→ Exercise directions
Set down every record below exactly as it stands, with the pictures omitted.

Dataset items:
════════════════

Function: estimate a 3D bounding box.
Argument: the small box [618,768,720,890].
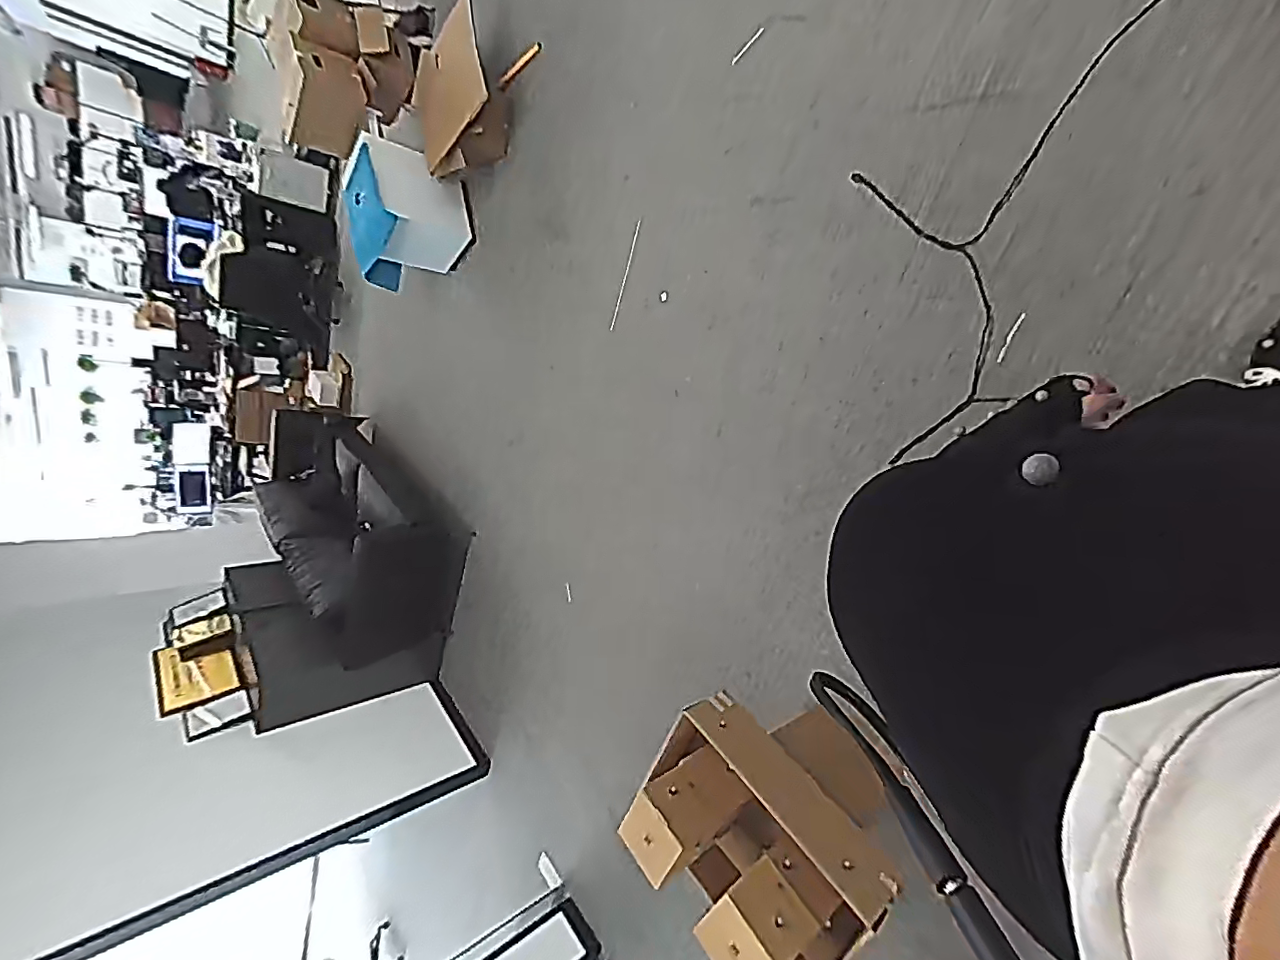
[{"bbox_3d":[0.079,0.884,1.388,0.168,0.176,0.179,42,120,38],"label":"small box"}]

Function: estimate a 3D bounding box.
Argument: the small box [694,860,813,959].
[{"bbox_3d":[0.259,1.006,1.212,0.168,0.176,0.179,44,121,35],"label":"small box"}]

════════════════

→ Solution to the problem
Function: estimate a 3D bounding box.
Argument: the small box [618,768,720,890].
[{"bbox_3d":[0.079,0.884,1.388,0.168,0.176,0.179,42,120,38],"label":"small box"}]

Function: estimate a 3D bounding box.
Argument: the small box [694,860,813,959].
[{"bbox_3d":[0.259,1.006,1.212,0.168,0.176,0.179,44,121,35],"label":"small box"}]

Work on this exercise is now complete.